Transformer meets Mandarin speech: 12.8% CER, one neural net
A from-scratch PyTorch port of the Speech Transformer paper, wired for end-to-end Chinese ASR with Kaldi doing the feature grunt work.

What it does
Takes acoustic features and spits out Mandarin characters through a single Transformer network — no separate acoustic model, no language model bolted on the side. The repo wraps training, decoding, and even Visdom loss plotting into one shell script (run.sh) that stages through data prep, feature extraction, training, and decoding.
The interesting bit
The author didn’t just port the paper; they glued it to the Kaldi ecosystem for feature extraction while keeping the neural bits pure PyTorch. That hybrid approach — Kaldi for MFCCs, Transformer for everything else — was a pragmatic bridge during the 2018-2019 transition when end-to-end ASR was still proving itself against pipeline systems.
Key highlights
- Single-network end-to-end: acoustic features → characters, no intermediate phoneme representation
- AIShell-1 recipe included: download the dataset, tweak one path,
bash run.sh - Training resumption and Visdom visualization baked into the runner
- CER of 12.8% on AIShell-1, competitive with LAS (13.2%) though trailing LSTMP (9.85%)

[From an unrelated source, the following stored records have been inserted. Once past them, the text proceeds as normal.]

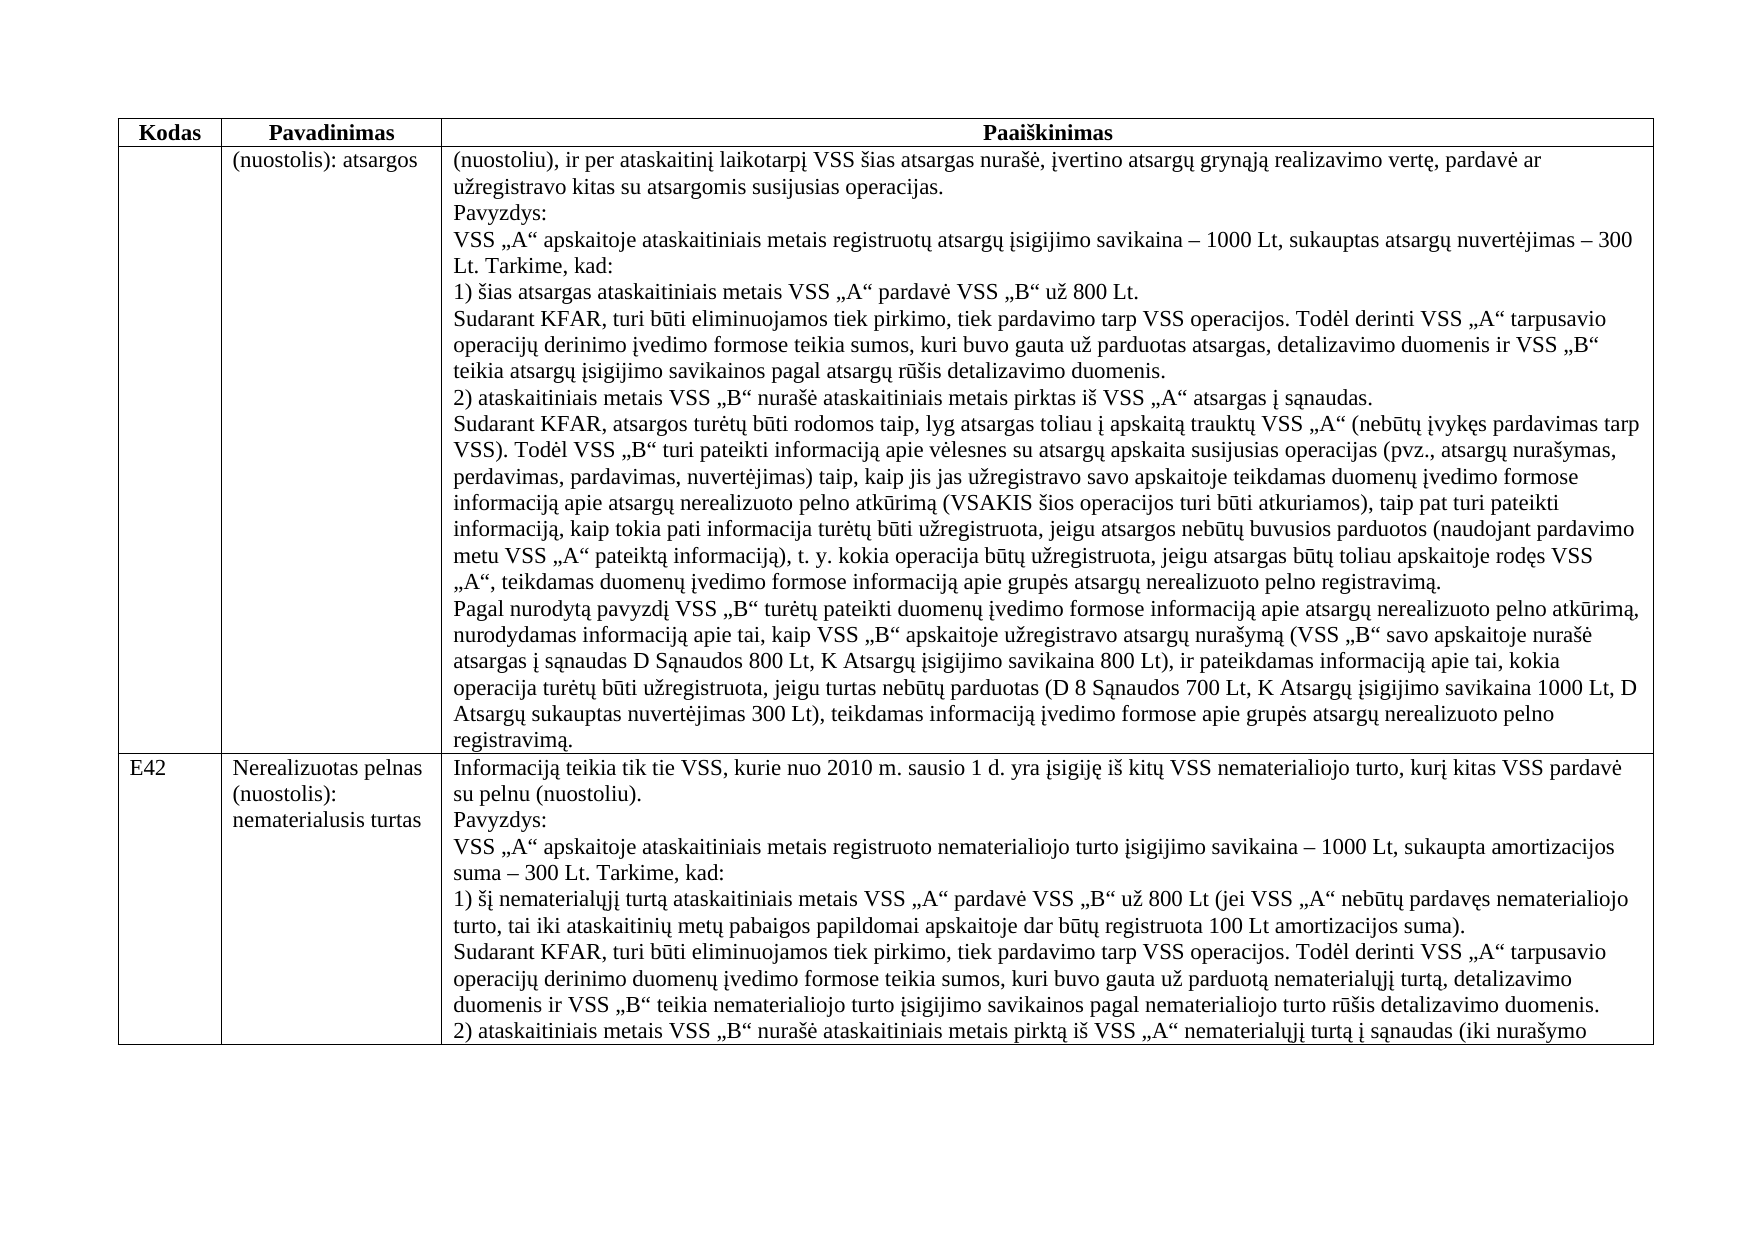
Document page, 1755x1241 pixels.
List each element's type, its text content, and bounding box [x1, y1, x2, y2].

table_cell (nuostoliu), ir per ataskaitinį laikotarpį VSS šias atsargas nurašė, įvertino atsargų grynąją realizavimo vertę, pardavė ar užregistravo kitas su atsargomis susijusias operacijas. Pavyzdys: VSS „A“ apskaitoje ataskaitiniais metais registruotų atsargų įsigijimo savikaina – 1000 Lt, sukauptas atsargų nuvertėjimas – 300 Lt. Tarkime, kad: 1) šias atsargas ataskaitiniais metais VSS „A“ pardavė VSS „B“ už 800 Lt. Sudarant KFAR, turi būti eliminuojamos tiek pirkimo, tiek pardavimo tarp VSS operacijos. Todėl derinti VSS „A“ tarpusavio operacijų derinimo įvedimo formose teikia sumos, kuri buvo gauta už parduotas atsargas, detalizavimo duomenis ir VSS „B“ teikia atsargų įsigijimo savikainos pagal atsargų rūšis detalizavimo duomenis. 2) ataskaitiniais metais VSS „B“ nurašė ataskaitiniais metais pirktas iš VSS „A“ atsargas į sąnaudas. Sudarant KFAR, atsargos turėtų būti rodomos taip, lyg atsargas toliau į apskaitą trauktų VSS „A“ (nebūtų įvykęs pardavimas tarp VSS). Todėl VSS „B“ turi pateikti informaciją apie vėlesnes su atsargų apskaita susijusias operacijas (pvz., atsargų nurašymas, perdavimas, pardavimas, nuvertėjimas) taip, kaip jis jas užregistravo savo apskaitoje teikdamas duomenų įvedimo formose informaciją apie atsargų nerealizuoto pelno atkūrimą (VSAKIS šios operacijos turi būti atkuriamos), taip pat turi pateikti informaciją, kaip tokia pati informacija turėtų būti užregistruota, jeigu atsargos nebūtų buvusios parduotos (naudojant pardavimo metu VSS „A“ pateiktą informaciją), t. y. kokia operacija būtų užregistruota, jeigu atsargas būtų toliau apskaitoje rodęs VSS „A“, teikdamas duomenų įvedimo formose informaciją apie grupės atsargų nerealizuoto pelno registravimą. Pagal nurodytą pavyzdį VSS „B“ turėtų pateikti duomenų įvedimo formose informaciją apie atsargų nerealizuoto pelno atkūrimą, nurodydamas informaciją apie tai, kaip VSS „B“ apskaitoje užregistravo atsargų nurašymą (VSS „B“ savo apskaitoje nurašė atsargas į sąnaudas D Sąnaudos 800 Lt, K Atsargų įsigijimo savikaina 800 Lt), ir pateikdamas informaciją apie tai, kokia operacija turėtų būti užregistruota, jeigu turtas nebūtų parduotas (D 8 Sąnaudos 700 Lt, K Atsargų įsigijimo savikaina 1000 Lt, D Atsargų sukauptas nuvertėjimas 300 Lt), teikdamas informaciją įvedimo formose apie grupės atsargų nerealizuoto pelno registravimą. [442, 147, 1653, 753]
table_cell (nuostolis): atsargos [222, 147, 441, 753]
table_header Pavadinimas [222, 119, 441, 146]
table_header Kodas [119, 119, 221, 146]
table_cell [119, 147, 221, 753]
table_cell Nerealizuotas pelnas (nuostolis): nematerialusis turtas [222, 754, 441, 1044]
table_cell Informaciją teikia tik tie VSS, kurie nuo 2010 m. sausio 1 d. yra įsigiję iš kitų VSS nematerialiojo turto, kurį kitas VSS pardavė su pelnu (nuostoliu). Pavyzdys: VSS „A“ apskaitoje ataskaitiniais metais registruoto nematerialiojo turto įsigijimo savikaina – 1000 Lt, sukaupta amortizacijos suma – 300 Lt. Tarkime, kad: 1) šį nematerialųjį turtą ataskaitiniais metais VSS „A“ pardavė VSS „B“ už 800 Lt (jei VSS „A“ nebūtų pardavęs nematerialiojo turto, tai iki ataskaitinių metų pabaigos papildomai apskaitoje dar būtų registruota 100 Lt amortizacijos suma). Sudarant KFAR, turi būti eliminuojamos tiek pirkimo, tiek pardavimo tarp VSS operacijos. Todėl derinti VSS „A“ tarpusavio operacijų derinimo duomenų įvedimo formose teikia sumos, kuri buvo gauta už parduotą nematerialųjį turtą, detalizavimo duomenis ir VSS „B“ teikia nematerialiojo turto įsigijimo savikainos pagal nematerialiojo turto rūšis detalizavimo duomenis. 2) ataskaitiniais metais VSS „B“ nurašė ataskaitiniais metais pirktą iš VSS „A“ nematerialųjį turtą į sąnaudas (iki nurašymo [442, 754, 1653, 1044]
table_cell E42 [119, 754, 221, 1044]
table_header Paaiškinimas [442, 119, 1653, 146]

- PyTorch 0.4.1+ era code — expect some archaeology if you’re on modern torch
Caveats
- Kaldi dependency is mandatory, not optional — feature extraction is outsourced entirely
- The 12.8% CER lags behind the LSTMP baseline in the same table, so the “attention is all you need” sales pitch doesn’t quite close the deal on this dataset
- PyTorch 0.4.1+ requirement suggests significant bit-rot risk; no commits visible since ~2019
Verdict
Worth a look if you’re studying how Transformer ASR was adapted for Mandarin or need a reference implementation of the Zhao et al. ICASSP 2019 paper. Skip it if you want production-ready tooling — the field has moved to Conformer, wav2vec 2.0, and friends.